──────── Source data

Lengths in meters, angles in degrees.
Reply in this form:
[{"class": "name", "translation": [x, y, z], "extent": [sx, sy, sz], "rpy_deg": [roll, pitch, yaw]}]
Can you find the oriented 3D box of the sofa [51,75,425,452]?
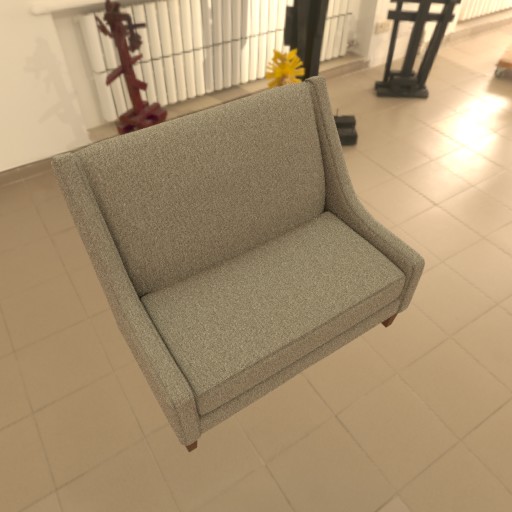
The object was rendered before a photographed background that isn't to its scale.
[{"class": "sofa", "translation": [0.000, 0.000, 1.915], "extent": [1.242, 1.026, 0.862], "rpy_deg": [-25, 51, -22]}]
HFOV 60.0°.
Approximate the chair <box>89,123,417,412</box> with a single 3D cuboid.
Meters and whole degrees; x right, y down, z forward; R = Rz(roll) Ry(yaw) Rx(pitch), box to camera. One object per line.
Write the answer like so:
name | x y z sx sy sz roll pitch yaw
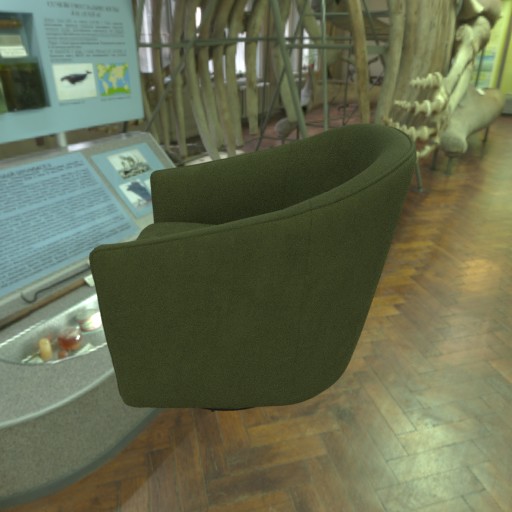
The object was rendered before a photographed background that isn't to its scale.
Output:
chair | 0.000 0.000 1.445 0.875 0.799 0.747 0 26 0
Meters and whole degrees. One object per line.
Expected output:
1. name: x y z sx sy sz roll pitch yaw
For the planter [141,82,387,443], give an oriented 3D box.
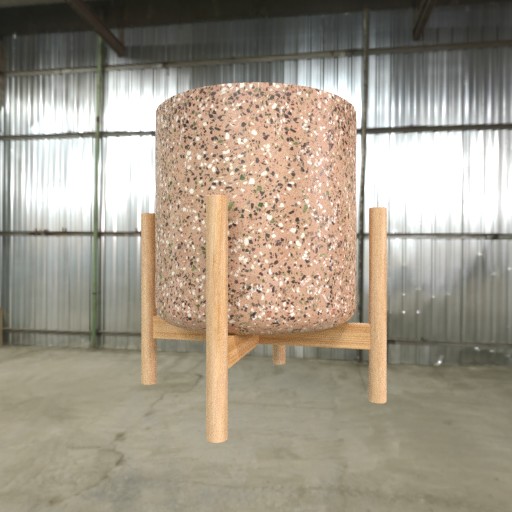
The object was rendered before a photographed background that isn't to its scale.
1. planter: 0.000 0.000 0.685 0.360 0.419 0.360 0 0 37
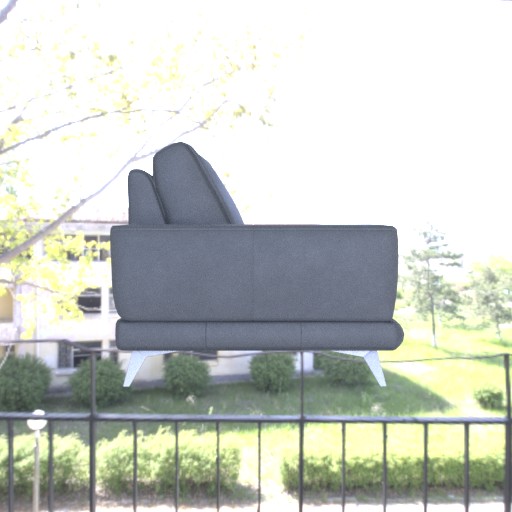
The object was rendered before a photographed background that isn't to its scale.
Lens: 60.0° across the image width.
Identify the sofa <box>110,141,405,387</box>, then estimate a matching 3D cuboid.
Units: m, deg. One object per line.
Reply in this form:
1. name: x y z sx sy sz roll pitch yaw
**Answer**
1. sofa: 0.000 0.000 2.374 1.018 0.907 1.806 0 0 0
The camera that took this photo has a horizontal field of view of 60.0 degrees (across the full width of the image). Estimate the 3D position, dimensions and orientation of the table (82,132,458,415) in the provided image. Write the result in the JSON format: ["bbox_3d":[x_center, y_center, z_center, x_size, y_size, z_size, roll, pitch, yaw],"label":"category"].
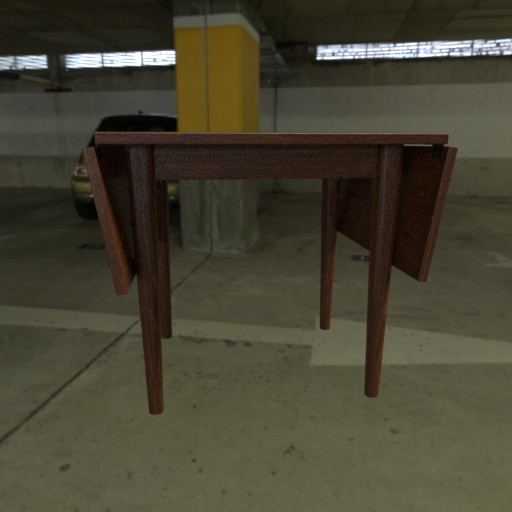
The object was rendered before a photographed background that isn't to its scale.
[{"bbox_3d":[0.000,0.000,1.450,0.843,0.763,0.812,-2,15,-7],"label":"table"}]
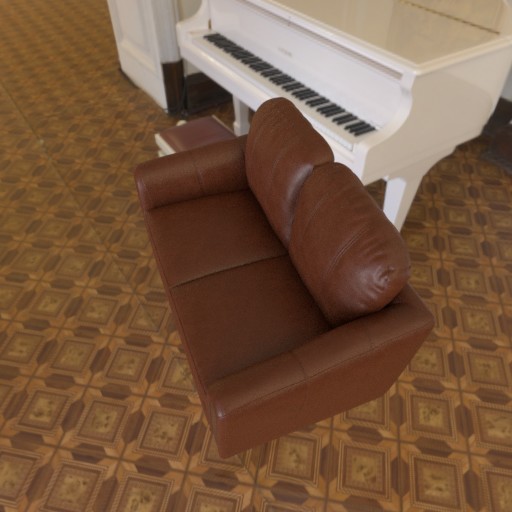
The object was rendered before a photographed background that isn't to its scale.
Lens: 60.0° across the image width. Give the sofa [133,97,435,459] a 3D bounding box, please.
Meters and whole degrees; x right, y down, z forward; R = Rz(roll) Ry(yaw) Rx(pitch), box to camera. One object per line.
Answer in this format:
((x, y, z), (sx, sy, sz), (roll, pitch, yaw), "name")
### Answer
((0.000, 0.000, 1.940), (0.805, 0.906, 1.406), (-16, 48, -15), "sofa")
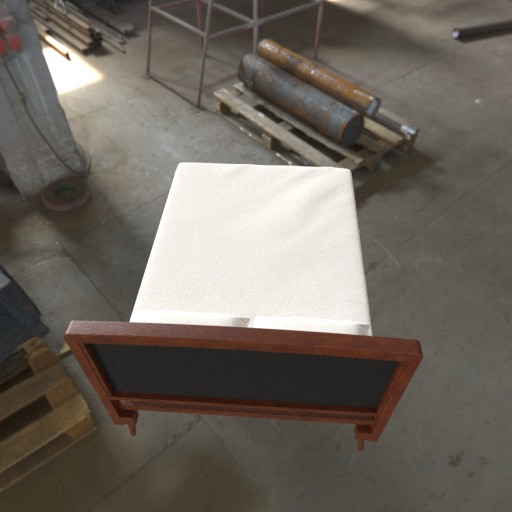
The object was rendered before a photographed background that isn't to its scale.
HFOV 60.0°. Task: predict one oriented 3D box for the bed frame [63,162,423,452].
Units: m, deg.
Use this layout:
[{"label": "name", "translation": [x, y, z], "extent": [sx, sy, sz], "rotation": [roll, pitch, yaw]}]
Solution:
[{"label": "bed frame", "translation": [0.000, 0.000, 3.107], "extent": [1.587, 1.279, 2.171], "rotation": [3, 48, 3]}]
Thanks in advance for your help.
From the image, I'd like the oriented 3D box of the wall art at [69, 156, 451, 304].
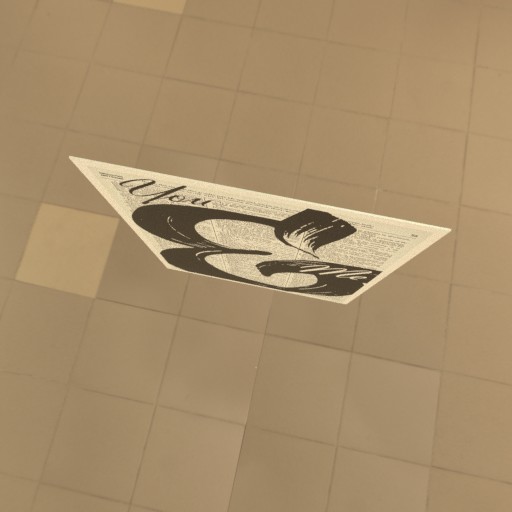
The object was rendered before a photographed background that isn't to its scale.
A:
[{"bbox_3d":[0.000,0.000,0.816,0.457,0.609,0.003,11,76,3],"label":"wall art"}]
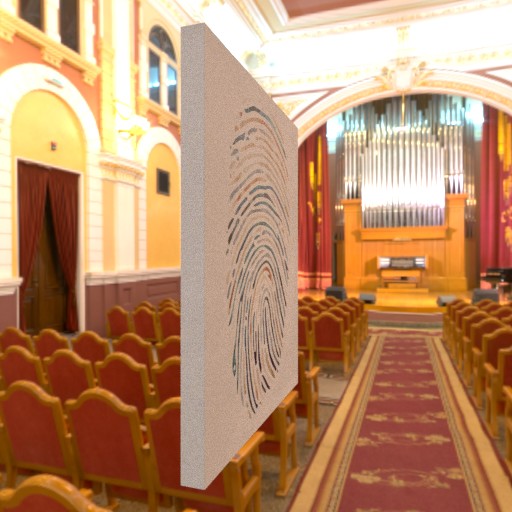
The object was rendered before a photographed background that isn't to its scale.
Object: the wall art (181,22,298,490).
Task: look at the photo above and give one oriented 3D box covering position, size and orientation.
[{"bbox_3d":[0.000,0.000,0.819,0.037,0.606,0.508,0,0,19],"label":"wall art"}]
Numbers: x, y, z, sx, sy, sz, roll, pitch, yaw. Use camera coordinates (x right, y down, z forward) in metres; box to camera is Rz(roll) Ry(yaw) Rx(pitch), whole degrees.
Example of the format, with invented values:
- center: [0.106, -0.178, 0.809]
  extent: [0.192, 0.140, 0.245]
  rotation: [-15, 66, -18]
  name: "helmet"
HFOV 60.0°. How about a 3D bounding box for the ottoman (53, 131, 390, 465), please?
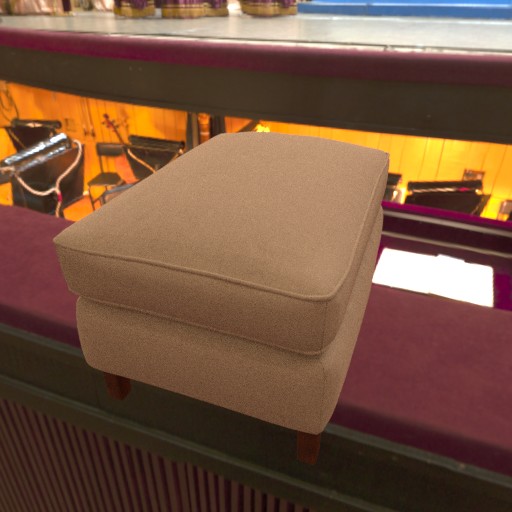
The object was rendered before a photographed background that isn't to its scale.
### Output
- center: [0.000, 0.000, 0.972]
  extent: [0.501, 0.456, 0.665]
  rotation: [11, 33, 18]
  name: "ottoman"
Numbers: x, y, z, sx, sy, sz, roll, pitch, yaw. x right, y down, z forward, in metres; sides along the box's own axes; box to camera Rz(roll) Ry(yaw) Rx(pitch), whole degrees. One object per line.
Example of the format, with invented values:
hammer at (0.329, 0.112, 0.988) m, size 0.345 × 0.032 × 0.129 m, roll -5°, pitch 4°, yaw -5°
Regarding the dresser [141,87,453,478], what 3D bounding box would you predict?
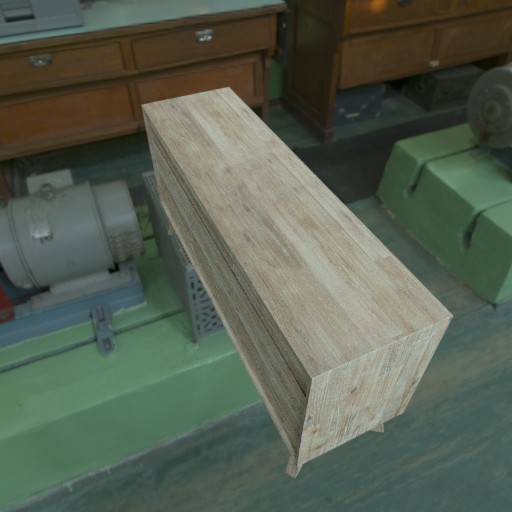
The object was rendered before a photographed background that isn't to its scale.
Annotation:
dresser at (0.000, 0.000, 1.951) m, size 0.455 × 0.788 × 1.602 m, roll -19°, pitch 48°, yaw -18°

────────────────

Problem statement >> For every line above with the word "whole" in it, make a copy.

Result >>
Meters and whole degrees; x right, y down, z forward; R = Rz(roll) Ry(yaw) Rx(pitch), box to camera. One object per line.
Meters and whole degrees. One object per line.
Meters and whole degrees; x right, y down, z forward; R = Rz(roll) Ry(yaw) Rx(pitch), box to camera. One object per line.
Numbers: x, y, z, sx, sy, sz, roll, pitch, yaw. Use camera coordinates (x right, y down, z forward) in metres; box to camera is Rz(roll) Ry(yaw) Rx(pitch), whole degrees.
Numbers: x, y, z, sx, sy, sz, roll, pitch, yaw. x right, y down, z forward, in metres; sides along the box's own axes; box to camera Rz(roll) Ry(yaw) Rx(pitch), whole degrees. One object per line.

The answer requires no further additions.